== Task brief ==
Output only the span of lines that begins at the line containing "the same material?" and ends at the last line of the data, both included, exactly as they appear.

:::

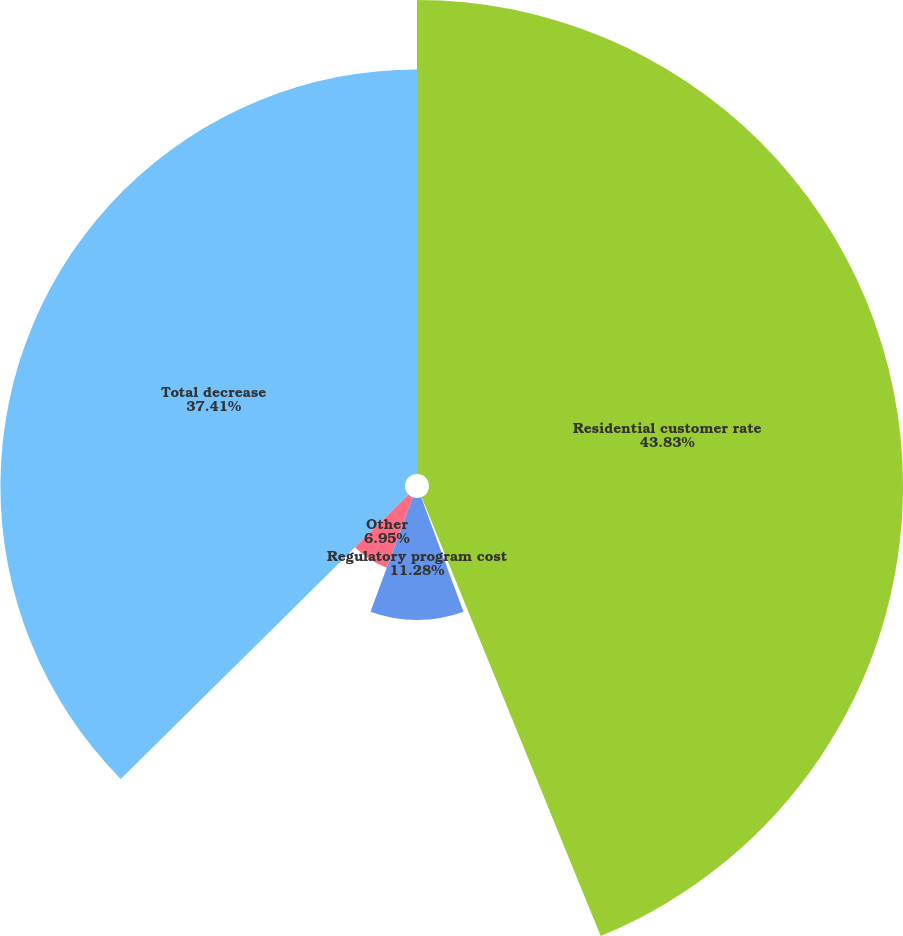<chart> <loc_0><loc_0><loc_500><loc_500><pie_chart><fcel>Residential customer rate<fcel>Commodity margin<fcel>Regulatory program cost<fcel>Other<fcel>Total decrease<nl><fcel>43.83%<fcel>0.53%<fcel>11.28%<fcel>6.95%<fcel>37.41%<nl></chart> 
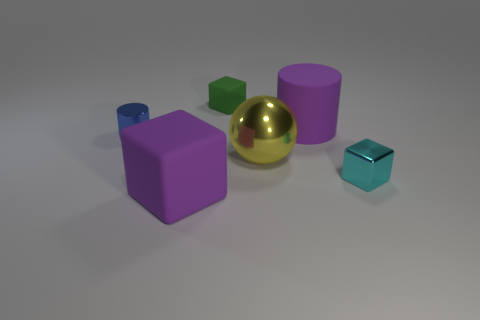Are there fewer large rubber cubes than small brown metal blocks?
Your answer should be very brief. No. What shape is the small blue thing that is made of the same material as the cyan thing?
Offer a terse response. Cylinder. Are there any tiny cyan metallic things behind the purple matte cylinder?
Offer a terse response. No. Is the number of purple things in front of the big block less than the number of small cyan objects?
Offer a terse response. Yes. What material is the tiny green cube?
Your response must be concise. Rubber. The tiny shiny cylinder is what color?
Your answer should be compact. Blue. There is a object that is behind the ball and left of the small rubber cube; what color is it?
Ensure brevity in your answer.  Blue. Are the blue thing and the big purple thing that is behind the big purple block made of the same material?
Ensure brevity in your answer.  No. There is a matte block in front of the small shiny thing to the right of the big purple matte cylinder; what is its size?
Offer a very short reply. Large. Is there anything else that is the same color as the tiny rubber object?
Offer a very short reply. No.

:::

== Answer section ==
Ensure brevity in your answer.  Blue. Are the blue thing and the big purple thing that is behind the big purple block made of the same material?
Ensure brevity in your answer.  No. There is a matte block in front of the small shiny thing to the right of the big purple matte cylinder; what is its size?
Offer a very short reply. Large. Is there anything else that is the same color as the tiny rubber object?
Offer a very short reply. No.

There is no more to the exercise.